Exponential Sums with Additive Coefficients and its Consequences to Weighted Partitions

TL;DR

This paper studies the weighted partition function with strongly additive weights, deriving asymptotic formulas and analyzing exponential sums, thereby extending previous work to broader classes of functions including multiplicative functions.

Contribution

It establishes a new asymptotic formula for the weighted partition function with strongly additive weights, extending results to multiplicative functions and applying classical exponential sum estimates.

Findings

Derived an asymptotic formula for the weighted partition function

Extended analysis to multiplicative weight functions

Applied Montgomery-Vaughan estimate to exponential sums

Abstract

In this article, we consider the weighted partition function $p_f(n)$ given by the generating series $\sum_{n=1}^{\infty} p_f(n)z^n = \prod_{n\in\mathbb{N}^{*}}(1-z^n)^{-f(n)}$, where we restrict the class of weight functions to strongly additive functions.
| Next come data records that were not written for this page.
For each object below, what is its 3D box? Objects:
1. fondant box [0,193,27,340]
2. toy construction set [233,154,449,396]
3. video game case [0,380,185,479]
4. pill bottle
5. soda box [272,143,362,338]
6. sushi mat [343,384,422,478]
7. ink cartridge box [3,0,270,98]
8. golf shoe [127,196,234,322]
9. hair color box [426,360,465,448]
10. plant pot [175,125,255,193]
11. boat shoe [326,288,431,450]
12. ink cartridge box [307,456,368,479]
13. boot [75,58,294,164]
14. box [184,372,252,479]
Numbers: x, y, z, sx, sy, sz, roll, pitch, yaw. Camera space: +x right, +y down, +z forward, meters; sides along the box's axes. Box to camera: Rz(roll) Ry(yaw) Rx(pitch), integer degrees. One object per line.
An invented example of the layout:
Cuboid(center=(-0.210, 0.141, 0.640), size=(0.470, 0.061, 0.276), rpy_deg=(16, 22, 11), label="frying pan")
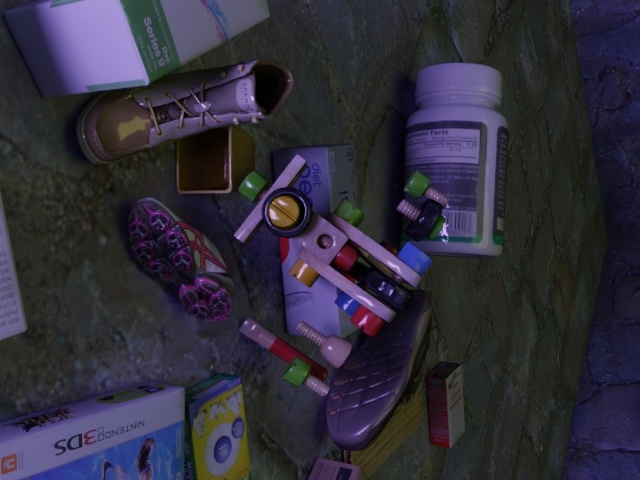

Originally proposed in a paper by Yang, this problem was further examined by Debruyne and Tenenbaum for weight functions taking positive integer values. We establish an asymptotic formula for this generating series in a broader context, which notably can be used for the class of multiplicative functions. Moreover, we employ a classical result by Montgomery-Vaughan to estimate exponential sums with additive coefficients, supported on minor arcs.